┏━━
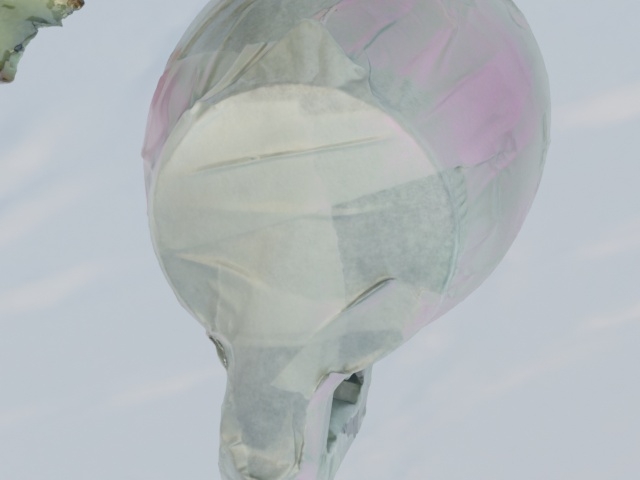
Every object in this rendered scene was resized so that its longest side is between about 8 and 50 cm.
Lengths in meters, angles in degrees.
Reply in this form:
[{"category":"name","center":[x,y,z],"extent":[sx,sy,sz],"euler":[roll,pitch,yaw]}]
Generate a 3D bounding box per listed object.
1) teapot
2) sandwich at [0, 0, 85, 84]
[{"category":"teapot","center":[-0.011,-0.009,0.756],"extent":[0.222,0.163,0.178],"euler":[-55,-178,25]},{"category":"sandwich","center":[-0.239,-0.156,1.025],"extent":[0.094,0.258,0.096],"euler":[-55,164,-5]}]
┗━━
▶ **PROBLEM**
Output the material above word for word. Leave out its images.

▶ **ANSWER**
Every object in this rendered scene was resized so that its longest side is between about 8 and 50 cm.
Lengths in meters, angles in degrees.
Reply in this form:
[{"category":"name","center":[x,y,z],"extent":[sx,sy,sz],"euler":[roll,pitch,yaw]}]
Generate a 3D bounding box per listed object.
1) teapot
2) sandwich at [0, 0, 85, 84]
[{"category":"teapot","center":[-0.011,-0.009,0.756],"extent":[0.222,0.163,0.178],"euler":[-55,-178,25]},{"category":"sandwich","center":[-0.239,-0.156,1.025],"extent":[0.094,0.258,0.096],"euler":[-55,164,-5]}]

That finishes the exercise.